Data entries
────────
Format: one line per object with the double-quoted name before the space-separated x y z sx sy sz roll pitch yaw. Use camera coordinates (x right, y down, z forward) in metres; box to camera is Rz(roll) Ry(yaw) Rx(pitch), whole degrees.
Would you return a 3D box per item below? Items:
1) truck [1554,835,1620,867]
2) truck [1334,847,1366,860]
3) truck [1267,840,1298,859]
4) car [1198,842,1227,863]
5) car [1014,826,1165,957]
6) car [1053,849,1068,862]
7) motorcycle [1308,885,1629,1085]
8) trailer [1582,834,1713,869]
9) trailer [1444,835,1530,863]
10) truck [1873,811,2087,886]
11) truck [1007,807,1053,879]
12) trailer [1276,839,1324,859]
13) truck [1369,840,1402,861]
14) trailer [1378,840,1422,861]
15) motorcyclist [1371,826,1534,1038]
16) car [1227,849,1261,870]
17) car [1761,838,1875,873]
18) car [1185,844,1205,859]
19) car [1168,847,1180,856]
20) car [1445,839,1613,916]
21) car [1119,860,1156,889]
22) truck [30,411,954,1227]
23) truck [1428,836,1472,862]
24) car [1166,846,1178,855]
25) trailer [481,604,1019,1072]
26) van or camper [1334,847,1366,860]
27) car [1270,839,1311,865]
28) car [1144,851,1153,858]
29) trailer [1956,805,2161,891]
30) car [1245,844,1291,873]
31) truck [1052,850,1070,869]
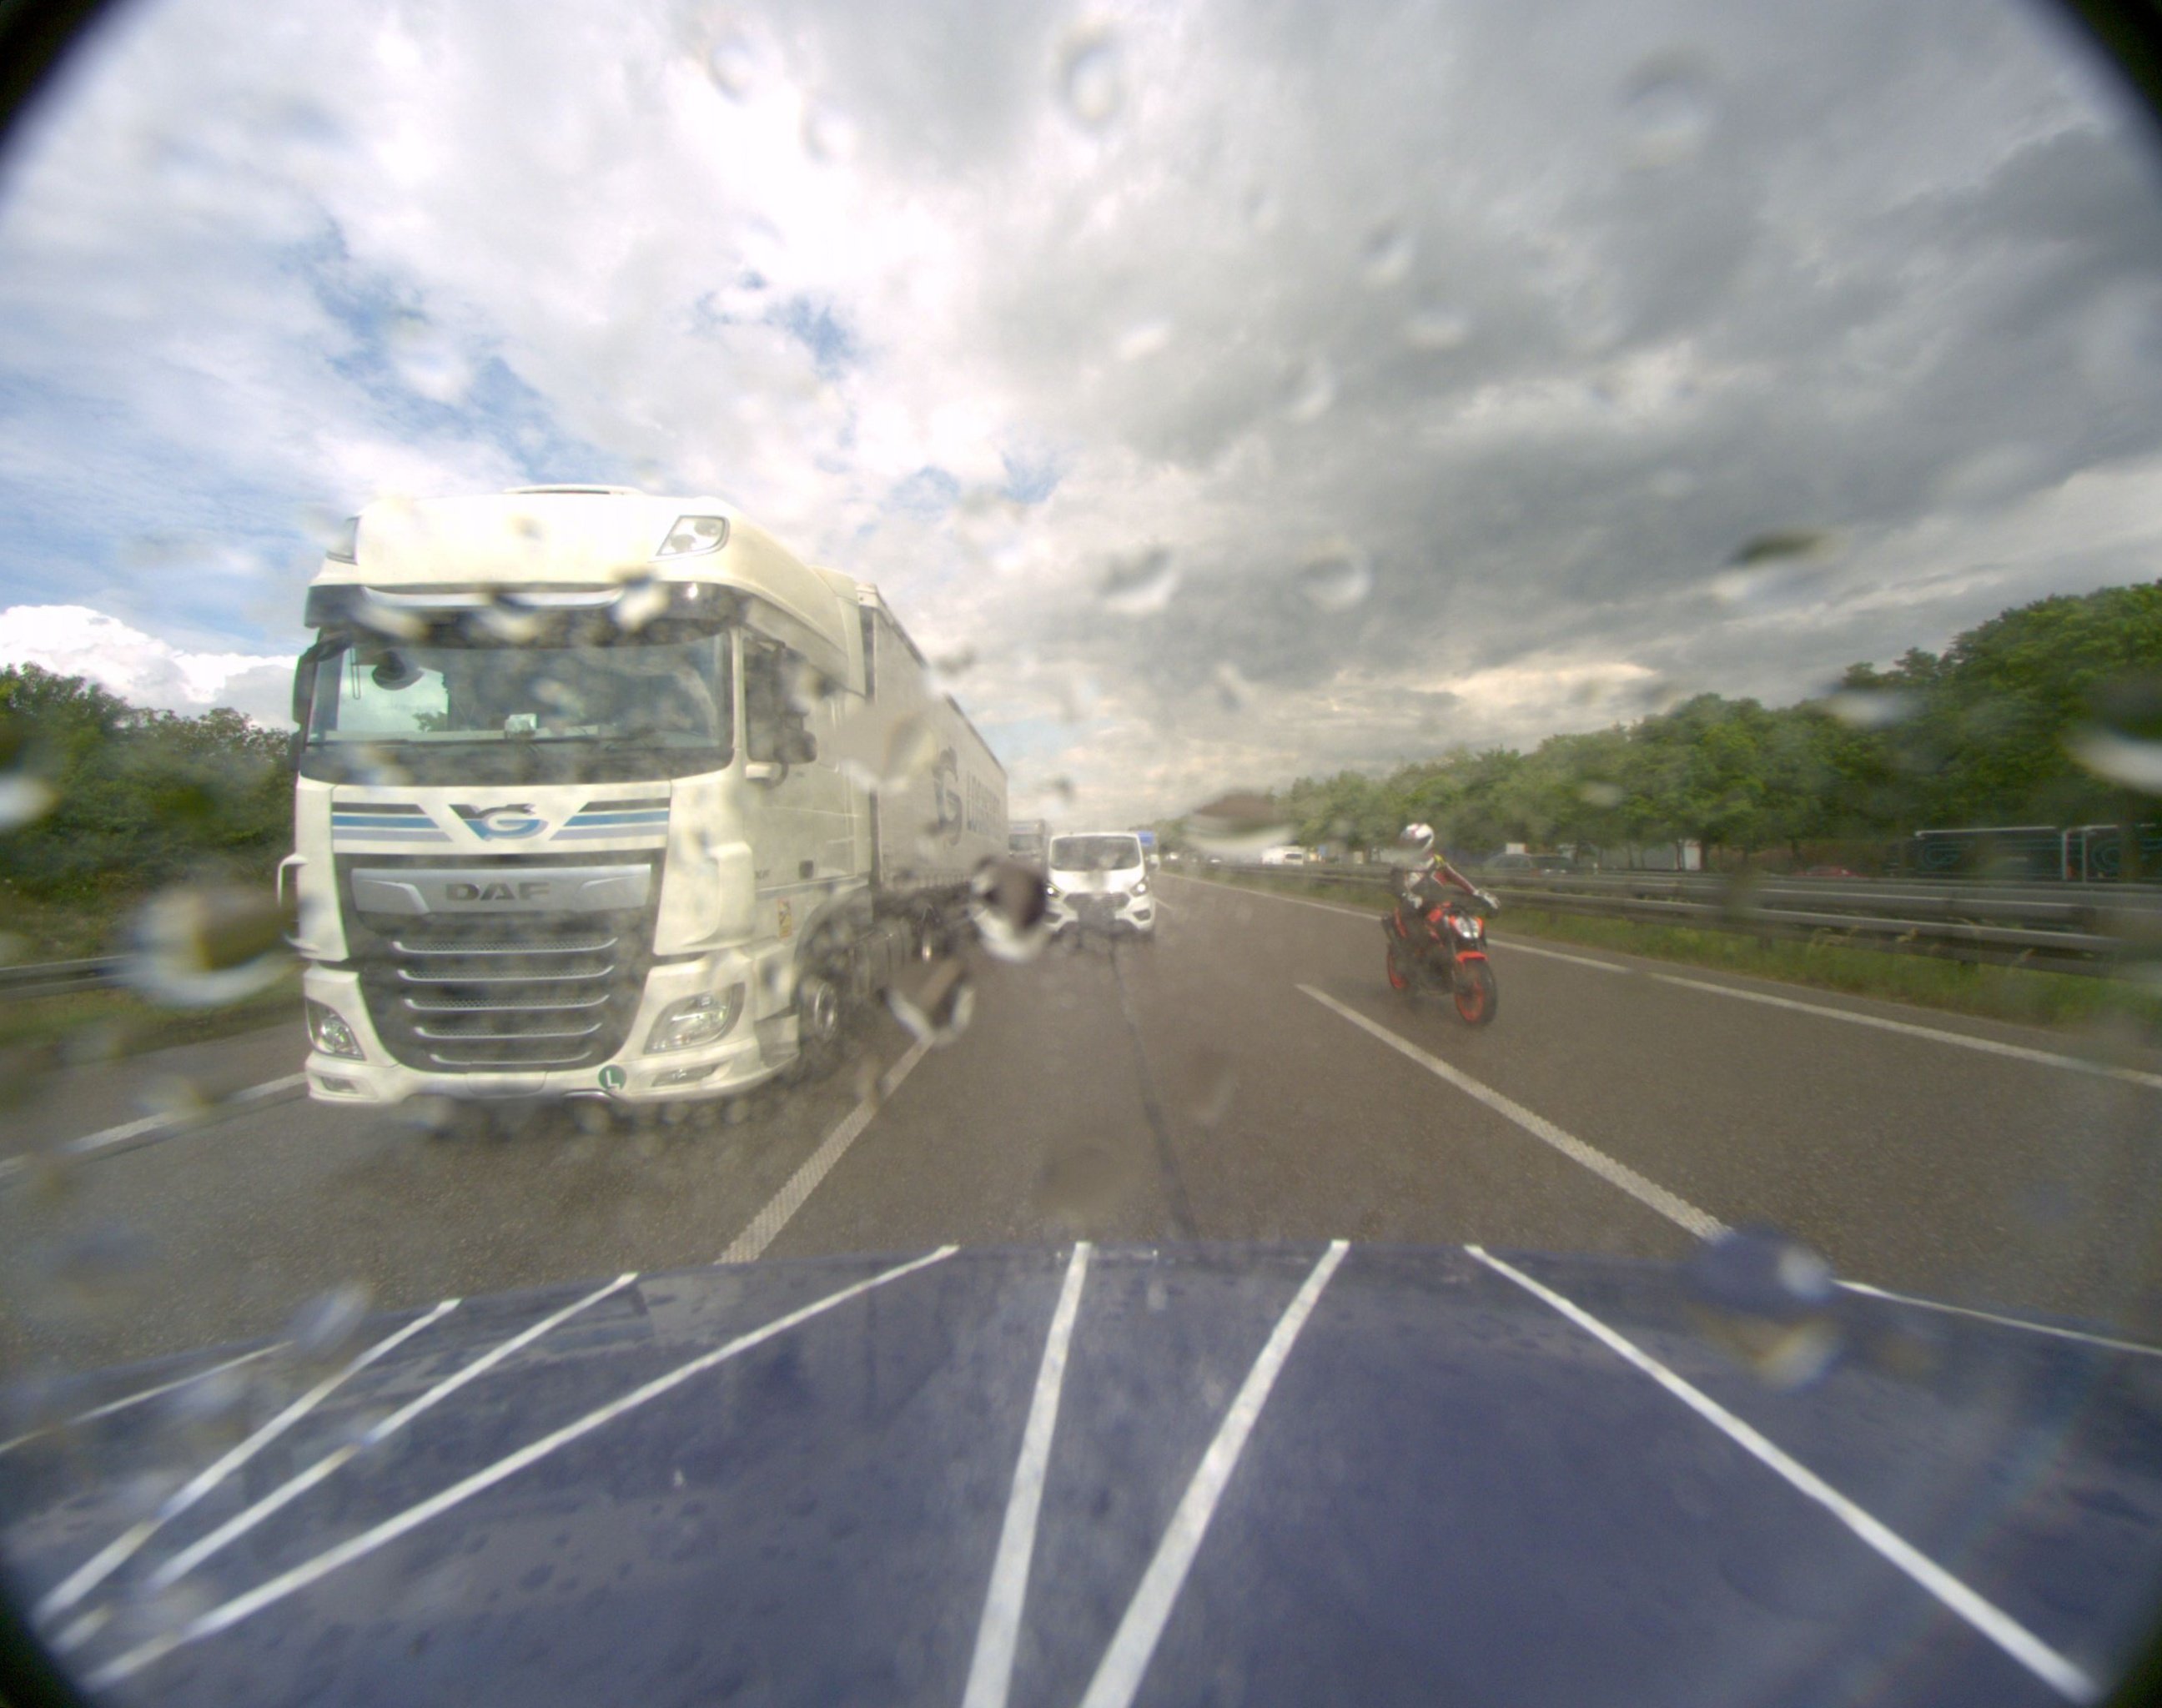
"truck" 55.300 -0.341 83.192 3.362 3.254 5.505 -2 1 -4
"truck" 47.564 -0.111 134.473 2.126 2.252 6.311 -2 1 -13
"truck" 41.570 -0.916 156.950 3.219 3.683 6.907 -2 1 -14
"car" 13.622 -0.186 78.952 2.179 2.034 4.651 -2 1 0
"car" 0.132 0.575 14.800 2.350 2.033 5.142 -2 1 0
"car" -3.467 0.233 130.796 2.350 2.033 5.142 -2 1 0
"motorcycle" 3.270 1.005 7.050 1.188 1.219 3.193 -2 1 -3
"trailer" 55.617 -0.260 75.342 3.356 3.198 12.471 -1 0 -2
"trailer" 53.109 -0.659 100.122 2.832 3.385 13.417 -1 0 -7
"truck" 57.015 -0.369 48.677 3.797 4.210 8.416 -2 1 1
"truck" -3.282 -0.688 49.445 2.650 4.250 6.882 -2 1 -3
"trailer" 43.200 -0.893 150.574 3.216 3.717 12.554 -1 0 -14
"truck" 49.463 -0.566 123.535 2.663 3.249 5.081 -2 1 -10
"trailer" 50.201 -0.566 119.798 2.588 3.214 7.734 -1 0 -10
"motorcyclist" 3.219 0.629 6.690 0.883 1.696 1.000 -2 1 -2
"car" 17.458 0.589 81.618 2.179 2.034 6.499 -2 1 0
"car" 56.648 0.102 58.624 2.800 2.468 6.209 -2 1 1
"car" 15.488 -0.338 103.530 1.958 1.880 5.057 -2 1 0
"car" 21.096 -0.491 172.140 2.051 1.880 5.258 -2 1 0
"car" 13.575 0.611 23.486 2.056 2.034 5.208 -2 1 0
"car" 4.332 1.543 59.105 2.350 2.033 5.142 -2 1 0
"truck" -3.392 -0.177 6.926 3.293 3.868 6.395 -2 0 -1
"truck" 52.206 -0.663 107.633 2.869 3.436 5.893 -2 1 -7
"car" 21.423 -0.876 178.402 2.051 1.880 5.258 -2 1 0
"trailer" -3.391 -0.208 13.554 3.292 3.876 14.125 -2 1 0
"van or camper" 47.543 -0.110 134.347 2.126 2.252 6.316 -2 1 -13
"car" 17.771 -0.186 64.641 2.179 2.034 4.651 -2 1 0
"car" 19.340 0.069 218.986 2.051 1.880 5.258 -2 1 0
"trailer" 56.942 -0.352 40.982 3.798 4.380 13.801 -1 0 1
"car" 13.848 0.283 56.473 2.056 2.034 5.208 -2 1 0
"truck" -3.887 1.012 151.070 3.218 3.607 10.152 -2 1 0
────────
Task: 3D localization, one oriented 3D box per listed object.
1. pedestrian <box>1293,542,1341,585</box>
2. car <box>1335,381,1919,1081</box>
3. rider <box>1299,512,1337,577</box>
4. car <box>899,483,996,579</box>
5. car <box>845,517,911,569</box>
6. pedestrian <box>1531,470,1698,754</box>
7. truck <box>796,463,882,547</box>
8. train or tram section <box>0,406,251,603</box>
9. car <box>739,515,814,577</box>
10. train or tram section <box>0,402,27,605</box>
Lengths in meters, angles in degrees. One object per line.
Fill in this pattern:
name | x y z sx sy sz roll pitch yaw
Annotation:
────────
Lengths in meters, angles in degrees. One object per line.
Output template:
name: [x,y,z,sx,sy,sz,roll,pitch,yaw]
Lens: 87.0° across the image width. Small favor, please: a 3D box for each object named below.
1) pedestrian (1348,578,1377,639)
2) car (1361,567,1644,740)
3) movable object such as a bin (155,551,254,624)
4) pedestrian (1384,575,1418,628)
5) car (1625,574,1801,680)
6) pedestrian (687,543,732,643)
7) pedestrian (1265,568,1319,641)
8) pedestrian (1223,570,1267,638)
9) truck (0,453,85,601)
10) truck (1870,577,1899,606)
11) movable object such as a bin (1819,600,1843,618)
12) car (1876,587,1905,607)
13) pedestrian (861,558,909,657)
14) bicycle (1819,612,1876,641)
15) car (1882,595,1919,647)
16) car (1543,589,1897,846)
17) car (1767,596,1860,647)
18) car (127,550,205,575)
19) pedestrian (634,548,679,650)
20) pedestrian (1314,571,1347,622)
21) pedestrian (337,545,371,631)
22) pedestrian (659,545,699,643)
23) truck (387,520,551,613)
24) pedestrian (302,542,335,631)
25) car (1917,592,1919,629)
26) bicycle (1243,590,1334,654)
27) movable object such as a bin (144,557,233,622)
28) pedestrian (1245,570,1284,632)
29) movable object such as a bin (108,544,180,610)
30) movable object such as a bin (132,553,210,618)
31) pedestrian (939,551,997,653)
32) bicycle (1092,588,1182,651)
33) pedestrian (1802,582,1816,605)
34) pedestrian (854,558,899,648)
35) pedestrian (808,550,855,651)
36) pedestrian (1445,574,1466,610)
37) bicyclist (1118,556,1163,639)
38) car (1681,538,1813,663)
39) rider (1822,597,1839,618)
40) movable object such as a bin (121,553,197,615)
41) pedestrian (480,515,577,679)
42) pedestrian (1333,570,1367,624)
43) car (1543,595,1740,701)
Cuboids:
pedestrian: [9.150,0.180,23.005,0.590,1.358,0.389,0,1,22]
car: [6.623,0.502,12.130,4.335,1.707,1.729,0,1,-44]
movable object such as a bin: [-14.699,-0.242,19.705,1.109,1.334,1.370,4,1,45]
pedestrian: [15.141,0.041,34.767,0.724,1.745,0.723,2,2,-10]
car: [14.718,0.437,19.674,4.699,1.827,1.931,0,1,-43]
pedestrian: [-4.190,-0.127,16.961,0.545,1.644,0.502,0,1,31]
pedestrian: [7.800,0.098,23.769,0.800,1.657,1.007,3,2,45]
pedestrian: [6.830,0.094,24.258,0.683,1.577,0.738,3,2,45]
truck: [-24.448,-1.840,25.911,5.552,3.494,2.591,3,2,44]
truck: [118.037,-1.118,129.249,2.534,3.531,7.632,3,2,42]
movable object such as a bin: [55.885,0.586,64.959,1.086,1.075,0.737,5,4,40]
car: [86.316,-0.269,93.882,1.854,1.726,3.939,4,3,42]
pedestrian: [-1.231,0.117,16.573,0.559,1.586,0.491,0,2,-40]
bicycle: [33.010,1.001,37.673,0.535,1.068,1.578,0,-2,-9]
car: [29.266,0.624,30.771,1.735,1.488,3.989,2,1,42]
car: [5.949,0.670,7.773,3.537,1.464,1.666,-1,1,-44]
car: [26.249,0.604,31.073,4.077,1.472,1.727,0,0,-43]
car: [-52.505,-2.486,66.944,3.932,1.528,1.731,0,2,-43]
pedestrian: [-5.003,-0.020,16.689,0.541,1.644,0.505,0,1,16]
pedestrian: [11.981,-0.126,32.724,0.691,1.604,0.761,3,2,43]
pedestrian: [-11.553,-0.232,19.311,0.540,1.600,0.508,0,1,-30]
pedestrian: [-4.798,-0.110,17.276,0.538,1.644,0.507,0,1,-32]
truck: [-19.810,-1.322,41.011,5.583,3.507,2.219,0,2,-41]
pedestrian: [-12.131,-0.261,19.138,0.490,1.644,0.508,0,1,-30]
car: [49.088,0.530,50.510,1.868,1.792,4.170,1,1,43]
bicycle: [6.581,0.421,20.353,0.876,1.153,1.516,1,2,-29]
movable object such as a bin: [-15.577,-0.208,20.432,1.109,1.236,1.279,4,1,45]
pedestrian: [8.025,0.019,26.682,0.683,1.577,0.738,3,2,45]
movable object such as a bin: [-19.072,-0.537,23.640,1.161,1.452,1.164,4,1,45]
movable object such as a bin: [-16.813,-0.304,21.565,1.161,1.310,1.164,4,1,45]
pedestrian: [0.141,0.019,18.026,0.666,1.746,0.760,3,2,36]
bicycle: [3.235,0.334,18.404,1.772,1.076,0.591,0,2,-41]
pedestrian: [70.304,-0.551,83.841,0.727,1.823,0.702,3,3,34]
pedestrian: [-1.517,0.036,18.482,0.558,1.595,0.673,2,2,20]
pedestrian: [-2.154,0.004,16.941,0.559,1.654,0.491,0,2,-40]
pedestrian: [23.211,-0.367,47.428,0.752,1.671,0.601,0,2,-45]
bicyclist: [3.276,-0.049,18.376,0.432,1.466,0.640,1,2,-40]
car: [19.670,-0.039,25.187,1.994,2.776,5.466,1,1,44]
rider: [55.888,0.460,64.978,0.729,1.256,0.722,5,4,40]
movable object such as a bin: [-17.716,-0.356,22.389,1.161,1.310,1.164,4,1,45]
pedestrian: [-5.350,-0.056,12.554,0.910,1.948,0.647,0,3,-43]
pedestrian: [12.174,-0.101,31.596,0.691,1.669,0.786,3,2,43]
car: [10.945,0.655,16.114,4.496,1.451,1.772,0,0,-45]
────────
*Exercise instructions*
From the entries, count the lines that hold the string "below". Nothing but the number is needed.

*Exercise output*
2